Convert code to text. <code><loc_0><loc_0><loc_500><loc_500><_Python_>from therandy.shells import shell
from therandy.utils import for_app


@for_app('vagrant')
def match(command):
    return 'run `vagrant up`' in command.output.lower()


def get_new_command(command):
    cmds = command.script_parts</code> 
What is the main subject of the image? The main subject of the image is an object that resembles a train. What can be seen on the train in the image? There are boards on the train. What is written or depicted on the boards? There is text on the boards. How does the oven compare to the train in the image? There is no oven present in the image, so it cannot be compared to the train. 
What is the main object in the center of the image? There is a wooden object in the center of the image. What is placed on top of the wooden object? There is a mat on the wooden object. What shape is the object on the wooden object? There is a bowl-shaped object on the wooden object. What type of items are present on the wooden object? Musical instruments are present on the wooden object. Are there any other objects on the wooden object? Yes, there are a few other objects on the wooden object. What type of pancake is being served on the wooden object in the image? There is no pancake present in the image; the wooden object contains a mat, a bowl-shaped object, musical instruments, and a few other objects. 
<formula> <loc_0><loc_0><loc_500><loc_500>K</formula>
==
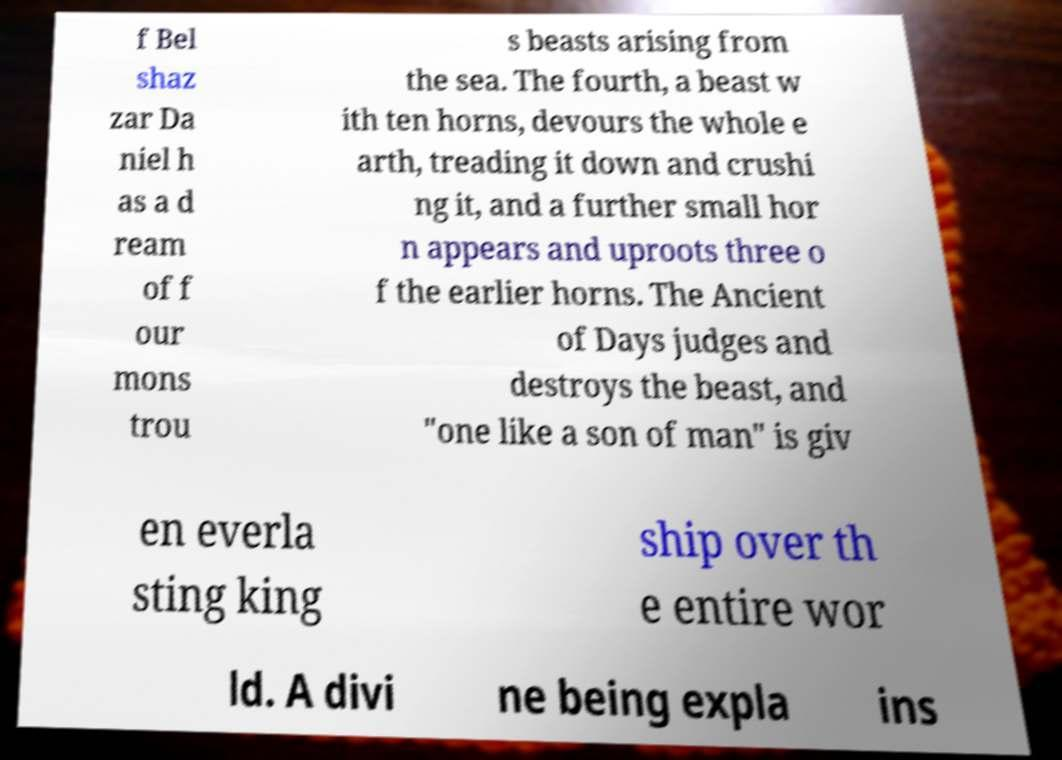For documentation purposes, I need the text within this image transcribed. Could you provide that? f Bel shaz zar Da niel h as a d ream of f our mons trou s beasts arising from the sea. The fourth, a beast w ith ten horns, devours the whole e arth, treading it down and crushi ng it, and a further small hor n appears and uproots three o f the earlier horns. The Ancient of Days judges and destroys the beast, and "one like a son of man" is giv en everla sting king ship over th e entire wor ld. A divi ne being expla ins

● **PROBLEM TO SOLVE**
Reply with nothing except the number of lines in the listing above that include the string "import".

● **RESPONSE AREA**
2